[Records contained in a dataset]
☆ ☆ ☆
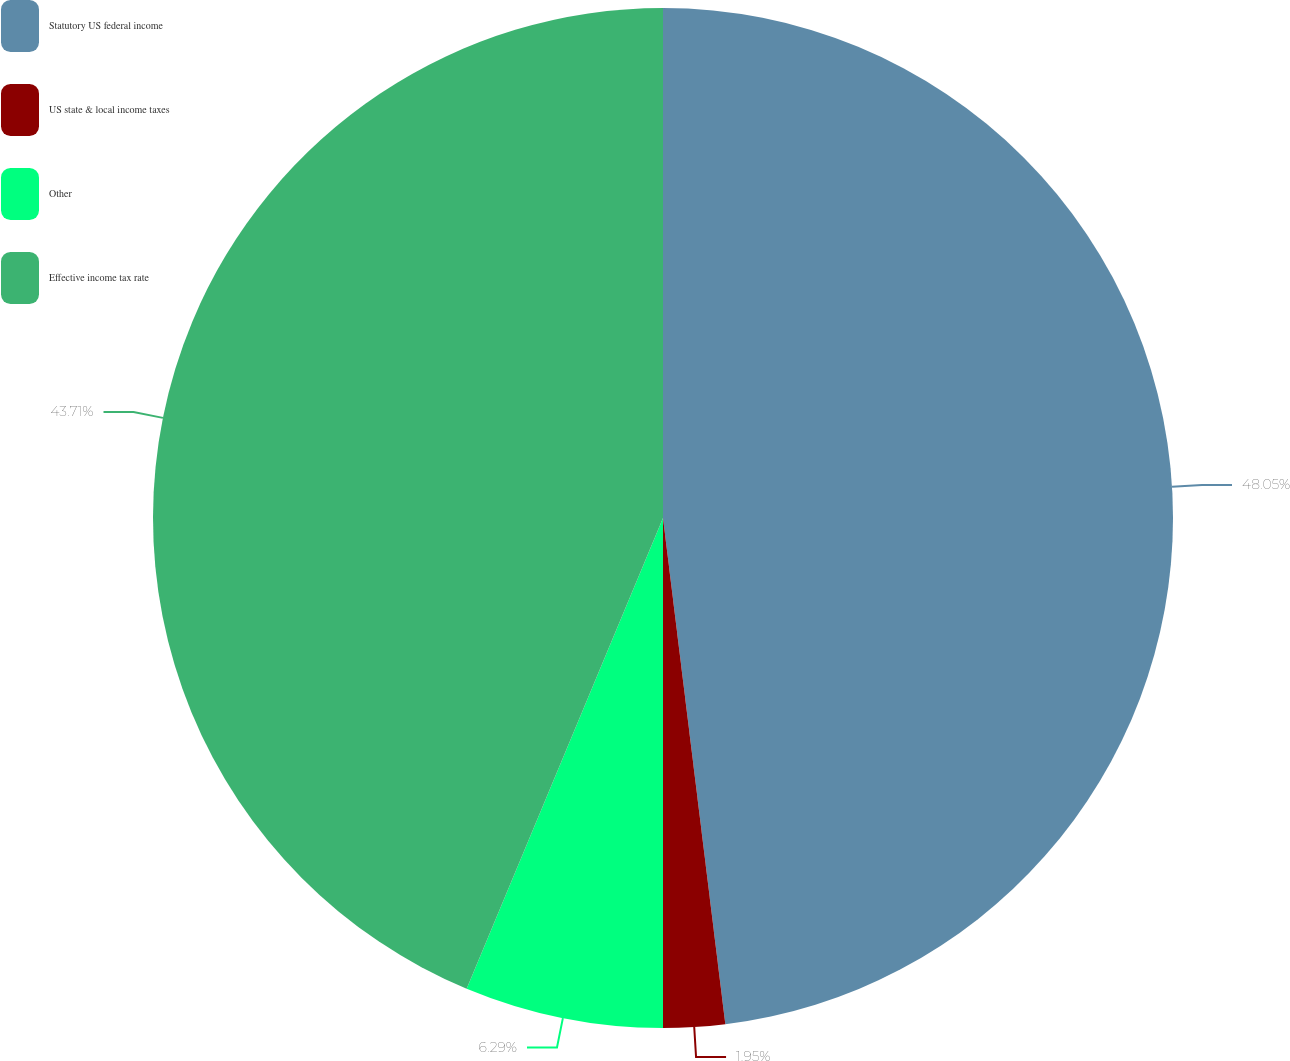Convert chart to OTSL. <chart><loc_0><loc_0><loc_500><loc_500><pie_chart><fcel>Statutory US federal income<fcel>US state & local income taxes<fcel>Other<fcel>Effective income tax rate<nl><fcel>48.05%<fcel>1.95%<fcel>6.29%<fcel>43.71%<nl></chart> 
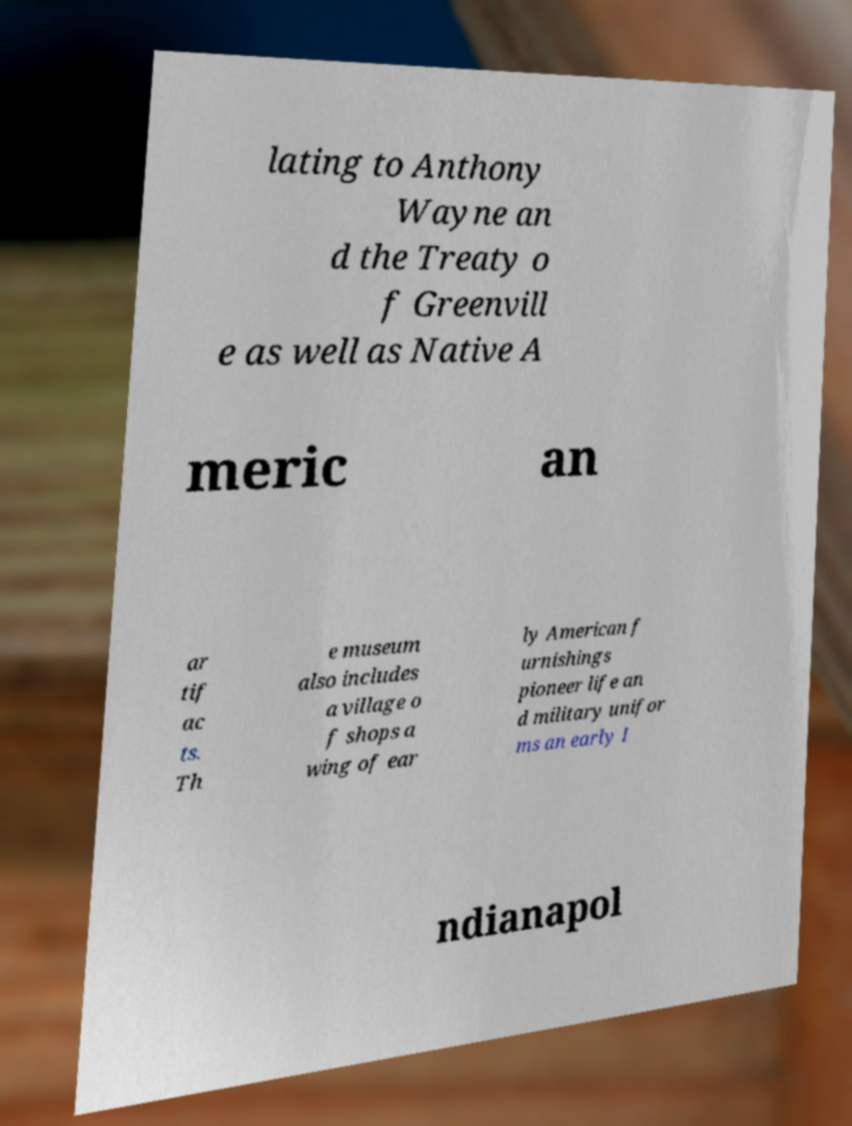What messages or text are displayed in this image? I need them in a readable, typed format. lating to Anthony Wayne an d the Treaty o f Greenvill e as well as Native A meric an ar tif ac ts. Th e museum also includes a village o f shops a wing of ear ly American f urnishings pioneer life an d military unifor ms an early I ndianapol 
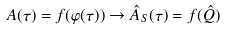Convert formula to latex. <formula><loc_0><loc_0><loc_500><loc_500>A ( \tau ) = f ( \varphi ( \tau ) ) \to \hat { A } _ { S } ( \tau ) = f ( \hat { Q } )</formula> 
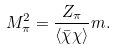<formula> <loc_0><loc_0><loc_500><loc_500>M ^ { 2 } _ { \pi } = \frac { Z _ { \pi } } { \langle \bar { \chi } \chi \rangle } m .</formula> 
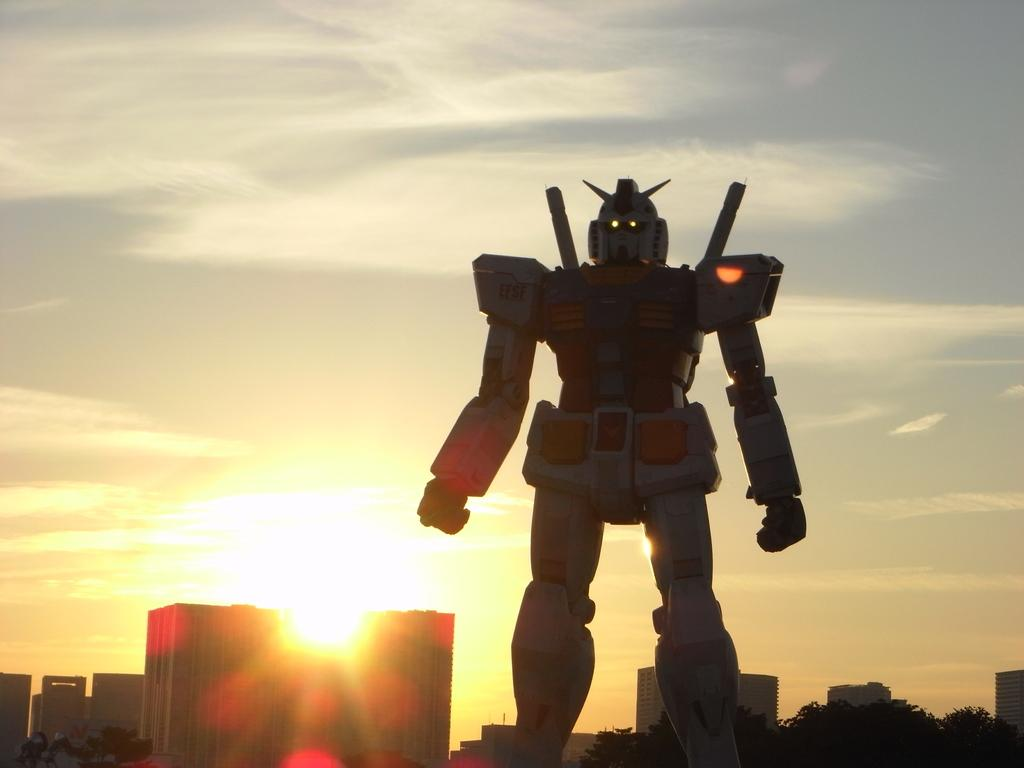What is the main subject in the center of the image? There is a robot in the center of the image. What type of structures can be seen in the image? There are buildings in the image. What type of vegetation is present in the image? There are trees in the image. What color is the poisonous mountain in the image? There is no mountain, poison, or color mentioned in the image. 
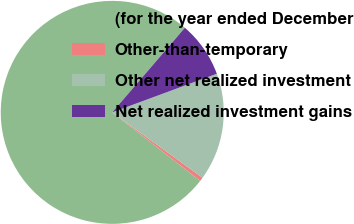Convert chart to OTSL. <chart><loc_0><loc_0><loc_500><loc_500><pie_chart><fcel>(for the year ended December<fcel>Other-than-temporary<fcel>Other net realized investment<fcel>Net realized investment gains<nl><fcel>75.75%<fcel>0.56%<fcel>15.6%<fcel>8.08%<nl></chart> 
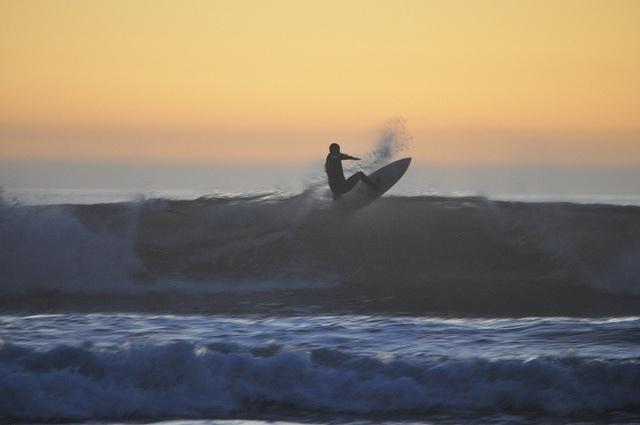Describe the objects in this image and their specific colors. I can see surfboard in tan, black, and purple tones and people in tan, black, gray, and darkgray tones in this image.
☆ ☆ ☆
What the task asks: In the answer, include exactly the lines from the top of the entries through the line containing "What is the", and nothing else, not even the pictures.

Exercise answer:
Convert chart to OTSL. <chart><loc_0><loc_0><loc_500><loc_500><pie_chart><fcel>Statutory US federal income<fcel>US state & local income taxes<fcel>Other<fcel>Effective income tax rate<nl><fcel>48.05%<fcel>1.95%<fcel>6.29%<fcel>43.71%<nl></chart> 
What messages or text are displayed in this image? I need them in a readable, typed format. lating to Anthony Wayne an d the Treaty o f Greenvill e as well as Native A meric an ar tif ac ts. Th e museum also includes a village o f shops a wing of ear ly American f urnishings pioneer life an d military unifor ms an early I ndianapol 
Convert formula to latex. <formula><loc_0><loc_0><loc_500><loc_500>A ( \tau ) = f ( \varphi ( \tau ) ) \to \hat { A } _ { S } ( \tau ) = f ( \hat { Q } )</formula> 
<formula> <loc_0><loc_0><loc_500><loc_500>M ^ { 2 } _ { \pi } = \frac { Z _ { \pi } } { \langle \bar { \chi } \chi \rangle } m .</formula> 
What is the main subject in the center of the image? There is a robot in the center of the image. What type of structures can be seen in the image? There are buildings in the image. What type of vegetation is present in the image? There are trees in the image. What color is the poisonous mountain in the image? There is no mountain, poison, or color mentioned in the image. 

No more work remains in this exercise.